It's one of my least favorite songs ever and so I can hardly muster the energy to say anything about it. Recorded in 1969, written in 1968, and according to the Wikipedia page (which appears to lack reliability), expressly with Sinatra in mind--and the "rat pack" mentality--as a voice of the "tough" who, at the end of life, has "no regrets". Anka apparently said something like these tough-talking "celebrities" acted "mob" but were scared of their own shadows. Whatever.
It is a song so full of bullshit it strikes me as a "plea" against the realization that the man has lived a life full of "me" (as Anka notes it was written as a comment on the "me" generation) and in the end has only his bullshit to attend him on his deathbed.
It's a truly awful song and if not for its massive popularity I would think as a writer you'd want to disown it. HOWEVER...as Anka makes clear, or as the Anka quoted in Wikipedia makes clear, it is written FOR Sinatra, in the VOICE Anka believes is true to Sinatra. So, maybe this is a very cruel joke by Anka on Sinatra. That's the way I'm going to read it from now on and anyone who sings it with sincerity is ALSO being "joked".
I mean, come on, "without exemption"? Is this a song about taxes? In the end, I prefer Joe Piscopo--and that's saying something!
I'm not sure how to compare it to the The Greatest Love as a song...but it does seem to speak to a generational shift in "performance". I don't think anyone in "reality" would sing this song as an Ode to Self (especially if you have to say "then he has not")...and so it seems unique as a "construction" of an Ideal Individualist. The DREAM of the Western Tough or the Reagan Republican. I don't think anyone could really embody it emotionally. Perhaps mentally some guys might want to imagine they could say this on their death bed but there is nothing in it to praise.

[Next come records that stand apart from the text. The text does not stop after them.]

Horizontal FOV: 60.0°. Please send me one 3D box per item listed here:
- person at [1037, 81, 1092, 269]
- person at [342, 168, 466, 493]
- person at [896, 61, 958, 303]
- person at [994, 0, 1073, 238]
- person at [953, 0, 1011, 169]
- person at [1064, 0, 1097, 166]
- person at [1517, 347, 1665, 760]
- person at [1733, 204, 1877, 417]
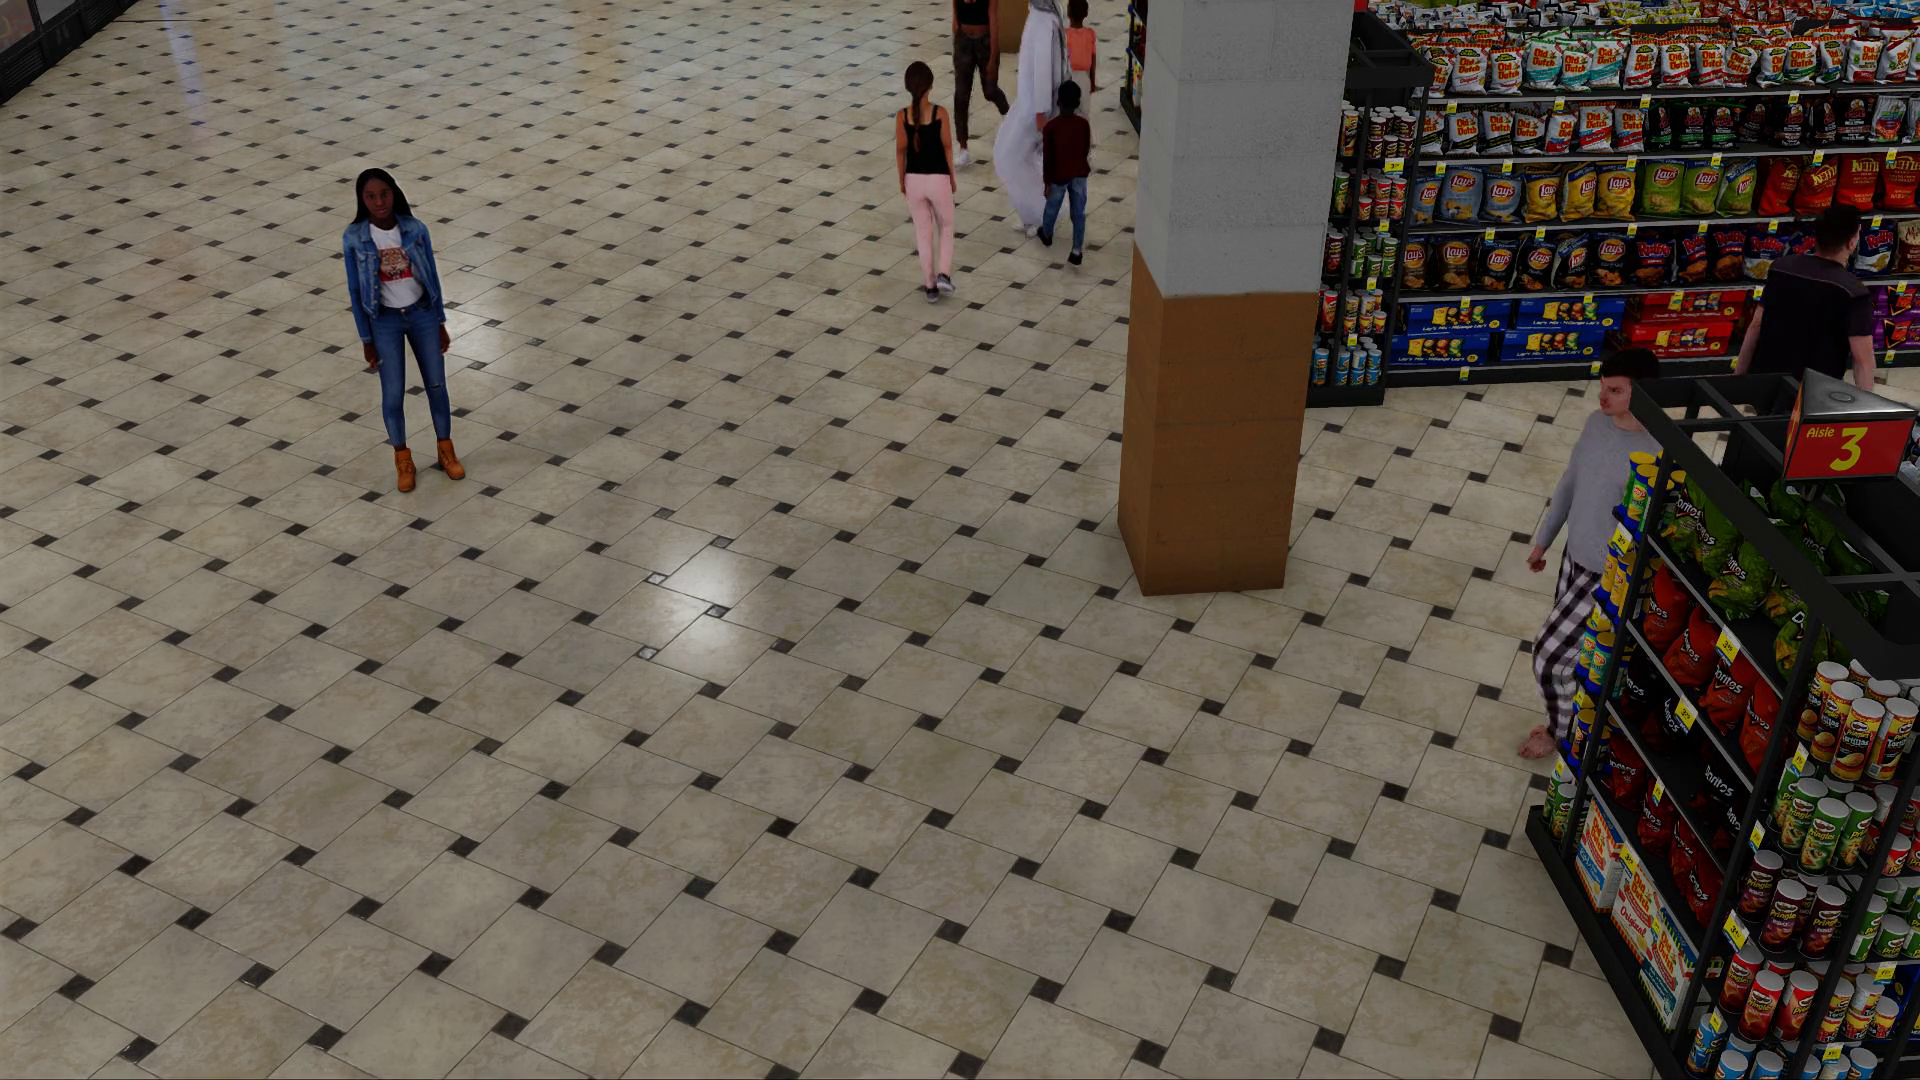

Times had changed 15 years later in order to give us The Greatest Love. But as our culture (and life in general) seems to ebb and flow in a cyclical way...perhaps we're back in the "My Way" mentality and Frank's paean to the Fuck All of You Self will reclaim its eminence--maybe there's video out there of CPACsters at a karaoke bar singing it...or GWB?
And now the end is near
And so I face the final curtain
My friend I'll say it clear
I'll state my case of which I'm certain
I've lived a life that's full
I traveled each and every highway
And more, much more than this
I did it my way
Regrets I've had a few
But then again too few to mention
I did what I had to do
And saw it through without exemption
I planned each charted course
Each careful step along the byway
And more, much more than this
I did it my way
Yes there were times I'm sure you knew
When I bit off more than I could chew
But through it all when there was doubt
I ate it up and spit it out, I faced it all
And I stood tall and did it my way
I've loved, I've laughed and cried
I've had my fill, my share of losing
And now as tears subside
I find it all so amusing
To think I did all that
And may I say not in a shy way
Oh no, oh no, not me
I did it my way
For what is a man what has he got
If not himself then he has not
To say the things he truly feels
And not the words of one who kneels
The record shows I took the blows
And did it my way
Yes it was my way
Well, from "My Way" to the "The Greatest Love" you've shifted from an action basted ego to baseless self-entitlement. I mean, at least Frank "planned each charted course / Each careful step along the byway / And more, much more than this." What's Whitney doing besides loving herself?
ReplyDeletetouche, but Frank's is a very clear fiction. Frank is THE WAY--the man, the "they" who rule...and The Greatest Love is the weakened self's wish against at THEY who destroy the self's tiny dignity.
ReplyDeleteEvolution has always taken care of the weak. There is rarely such thing as "the weakened", unless you have a responsibility "pass" you'd like to give some individuals without an objective criteria. As far as I can interpret these lyrics they are mostly, maybe exclusively, concerned with the perspective of person subjectively owning his/her actions at an hypothetical end. So how exactly would argue this is wrong or bad, as you imply?